Esta era la oportunidad de presenciar a un renovado Dream Theater, que sumado a las buenas críticas de su último disco y el retorno a los sonidos del rock progresivo que tantas satisfacciones ha dado a sus fanáticos, hacían de este show un acontecimiento imperdible. Y lo cierto es que el espíritu de Dream Theater perdura.

Todo comienza con la introducción instrumental “Dream Is Collapsing”, compuesta por Hans Zimmer y extraída de la banda sonora de la película “Inception”, para dar pie al tema encargado de abrir la gira, “Bridges In The Sky”, de la última placa del grupo, la cual es recibida con un gran entusiasmo inicial, para luego ser contemplada en silencio por el respetable, que dejándose llevar por el virtuosismo de los músicos, que en este primer corte ya se hacía protagonista, provocando miradas indecisas entre los fanáticos que no sabían si contemplar el escenario o las pantallas laterales que encuadraban con lujo de detalles la pericia de Petrucci en la guitarra, o Rudess en el teclado. Mangini es un show aparte, no sólo por su habilidad en las percusiones, sino que por el gran armazón que contiene su completísimo kit de batería, ocupando gran parte del escenario, refugiado en lo que se asemeja a un búnker de bombos y platillos. En la contraparte, se encuentra John Myung, inmerso en su interpretación, y cuyo bajo es la columna vertebral de la banda. Por último, James LaBrie es el gran anfitrión de la fiesta, ahora quizás con un poco más de espacio para licencias propias, pero más importante aún, demostrando una gran forma como vocalista, en una característica que comparten todos sus compañeros.

También hay que mencionar el cuidado juego de luces y los tres cubos al fondo del escenario, que funcionan como pantallas que van cambiando sus imágenes dependiendo del tema a interpretar, y que entregan la atmósfera visual necesaria para acompañar la música de la banda, que pudo ser escuchada fuerte y clara gracias a un muy buen sonido que contradice la mala fama del recinto en este aspecto.

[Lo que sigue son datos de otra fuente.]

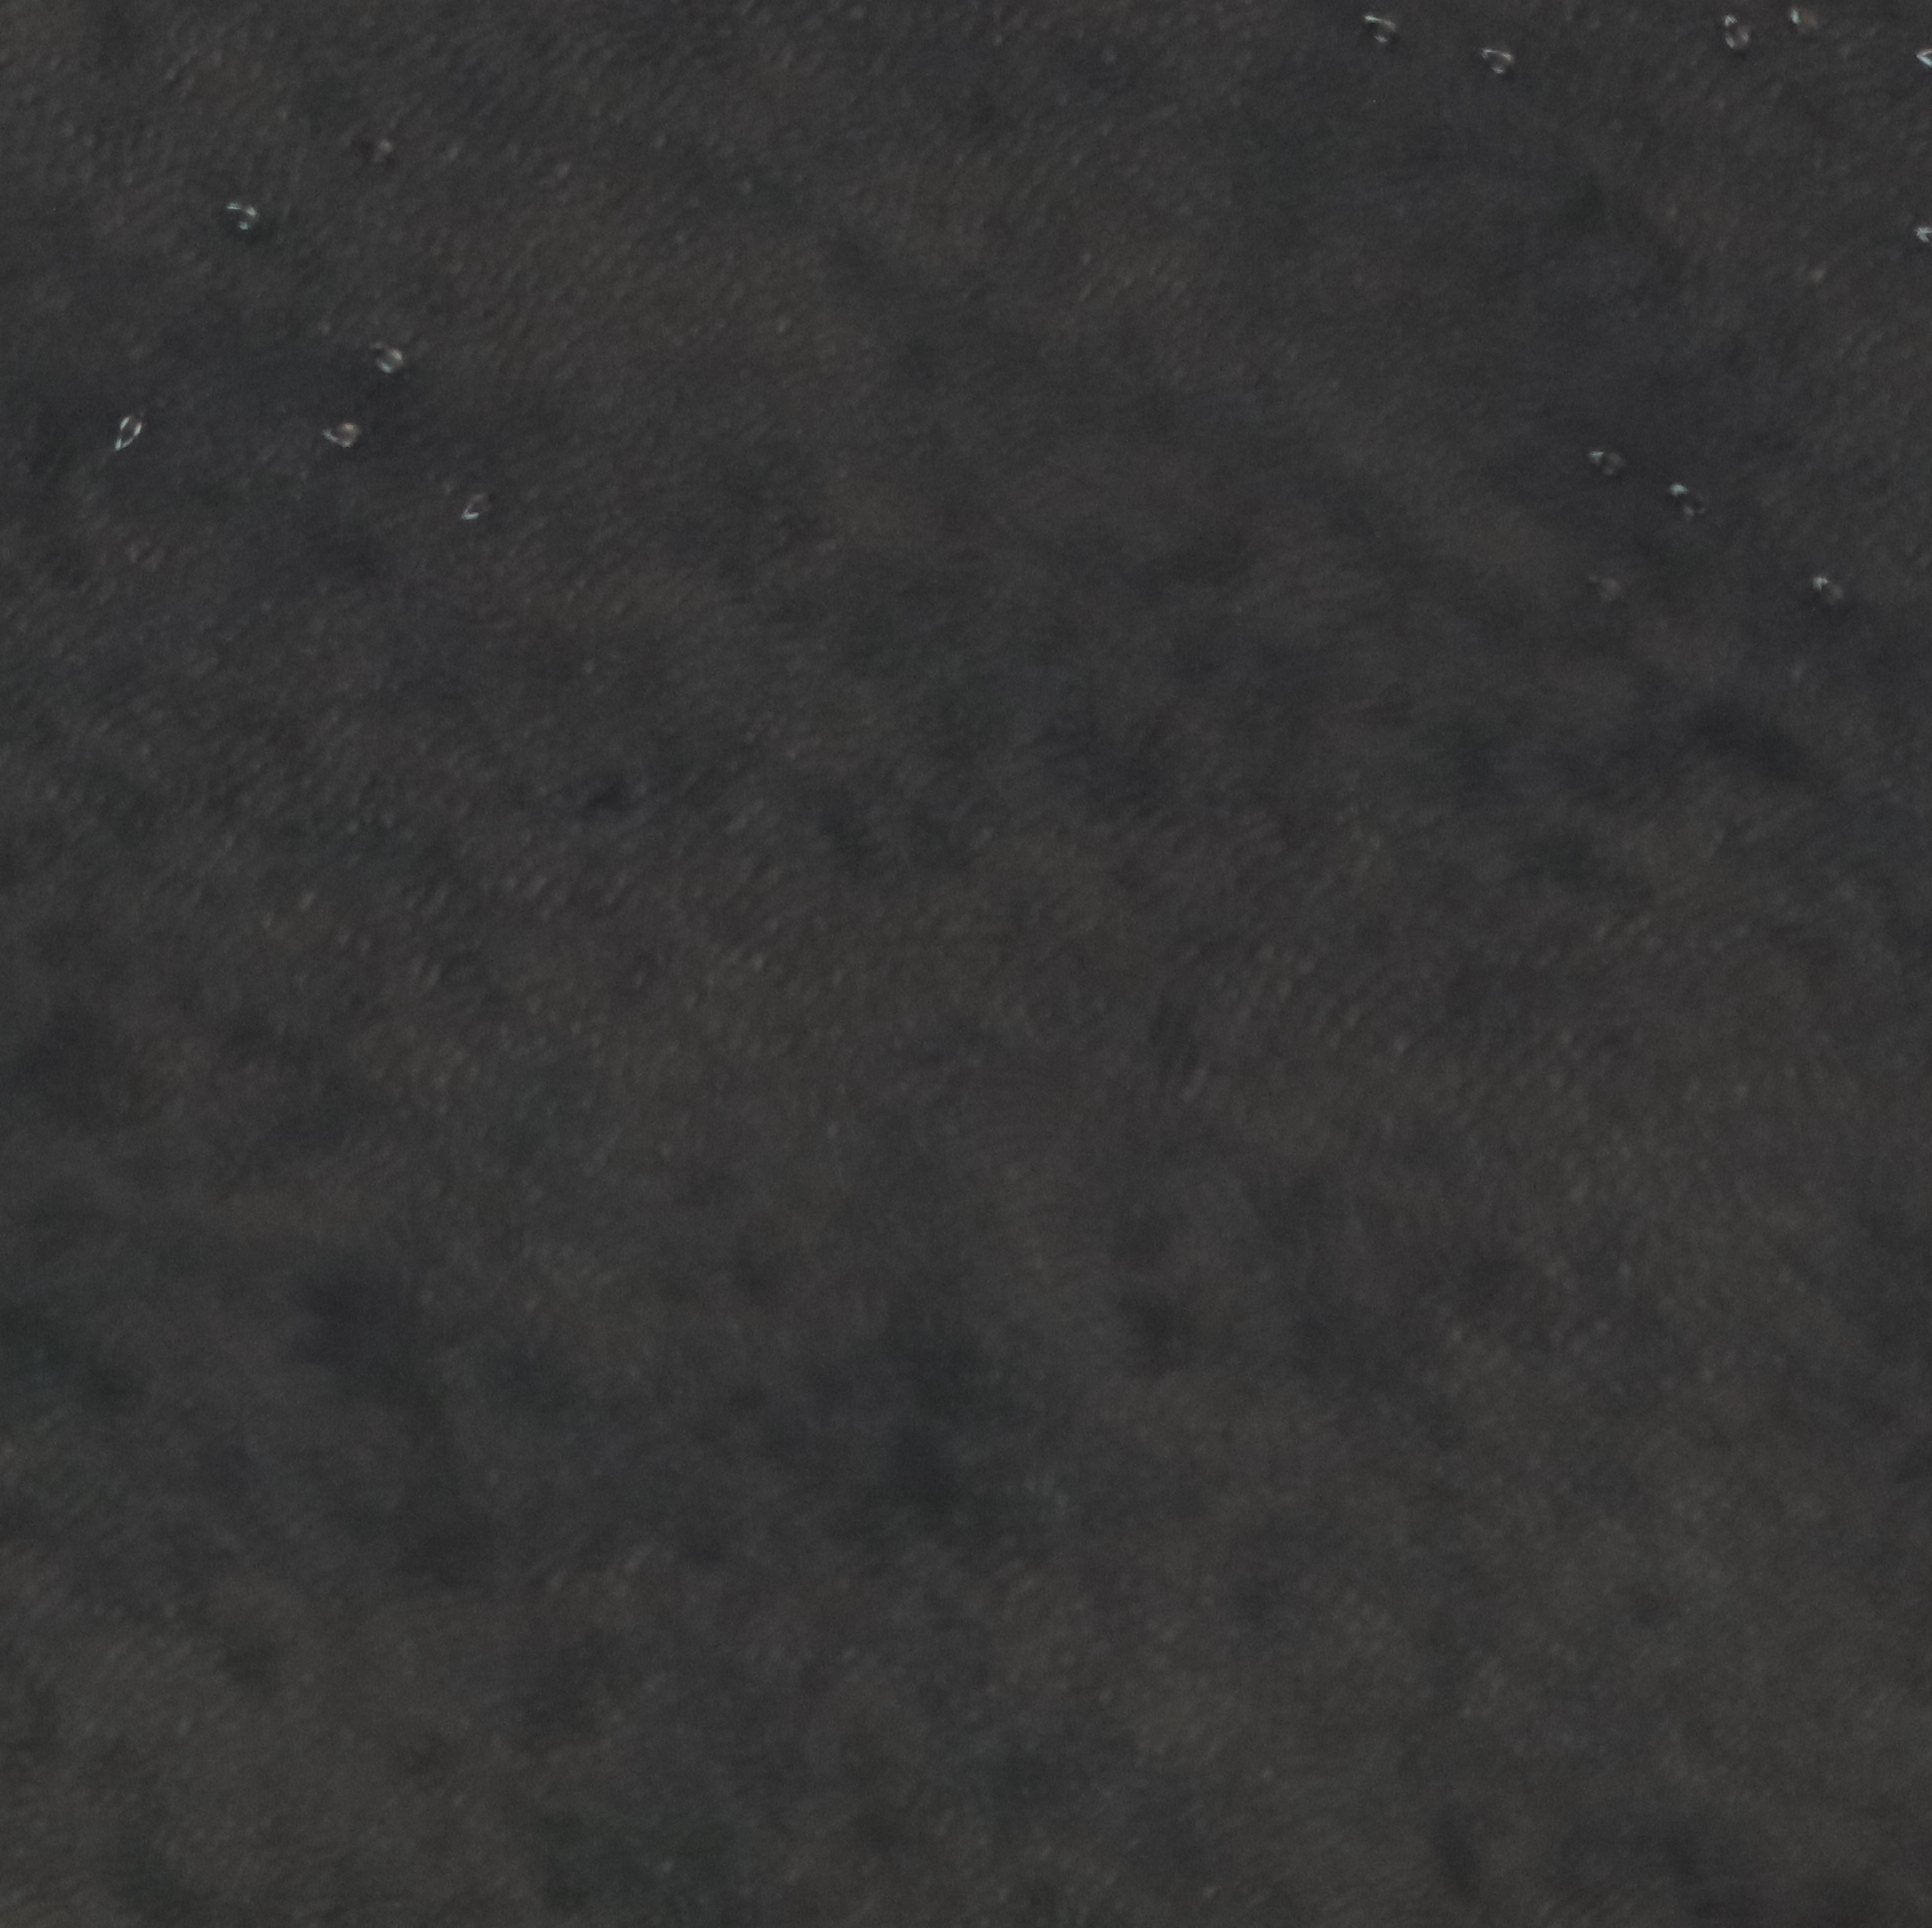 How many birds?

12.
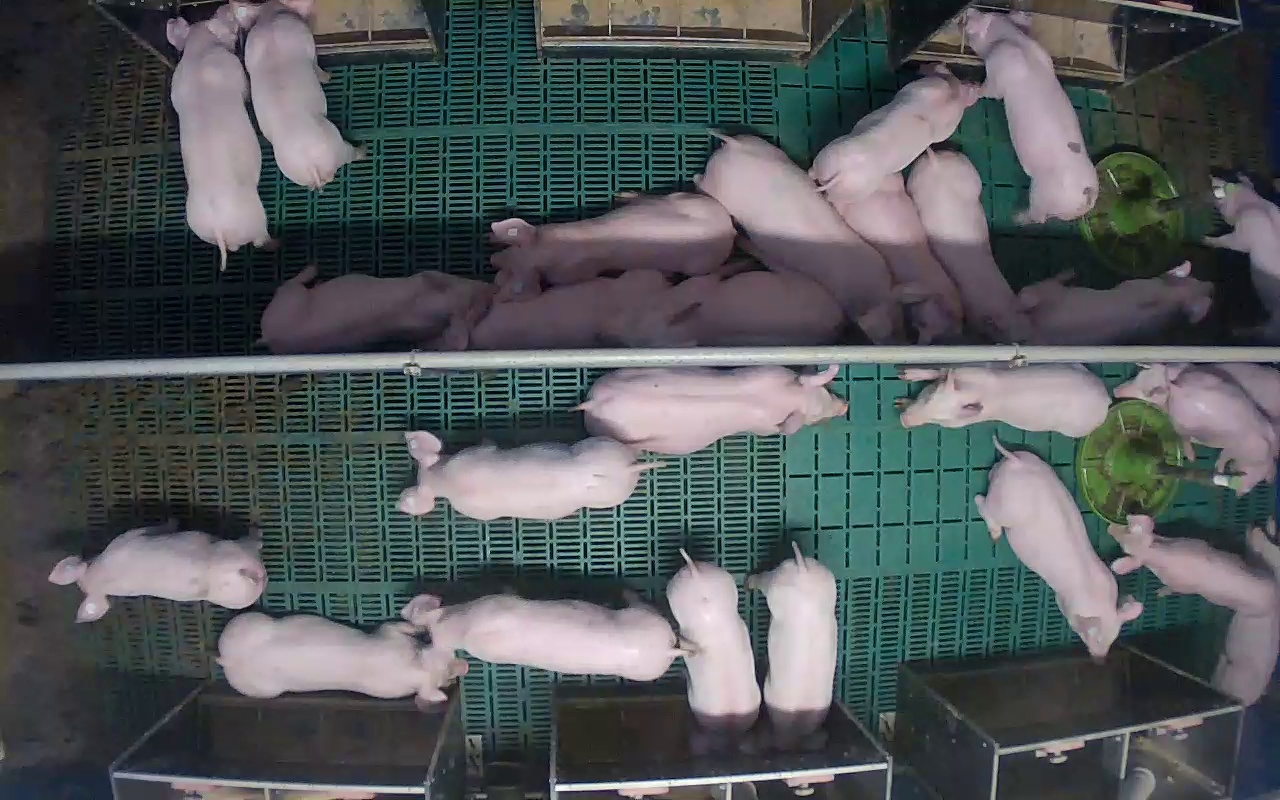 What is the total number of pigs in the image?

Luego del corte de presentación, el primer clásico en llegar fue “6:00” que desato los primeros cánticos de la cancha y continuó con las expresiones de asombro en las secciones rítmicas. La agresividad de los años más metaleros, llegaba con “The Dark Eternal Night”, incitando al pogo que se extinguió casi a la brevedad, debido al hipnotizante poder de engatusamiento que poseen las habilidades de los músicos, en una composición que es compleja y entretenida de escuchar, pero al exacerbar tanto las bondades de sus intérpretes, surge el cuestionamiento si lo que se va a ver es un concierto de música o un show de talentos. Para bajar un poco las revoluciones, la progresión se toma un descanso en “This Is The Life”, que tuvo un mar de brazos ondeando de un lado para otro. La pausa es agradecida con un gran aplauso, que se queda chico ante la euforia que despierta “The Root Of All Evil” del disco “Octavarium” (2005), el cual trae de vuelta al metal y a la progresión, y que tuvo como invitado especial a un oso de peluche que cayó desde el público para adornar los tarros de Mangini. “A Dramatic Turn Of Events” seguía siendo promocionado con “Lost Not Forgotten”, para llegar al primer solo de la noche, perteneciente al “novato” Mike Mangini, quien dejó más que claro el poder de sus credenciales, y de porqué es considerado como el poseedor de las muñecas más rápidas del planeta. Su intervención sirve como introducción para “A Fortune In Lies”, otro de los favoritos del catálogo de Dream Theater.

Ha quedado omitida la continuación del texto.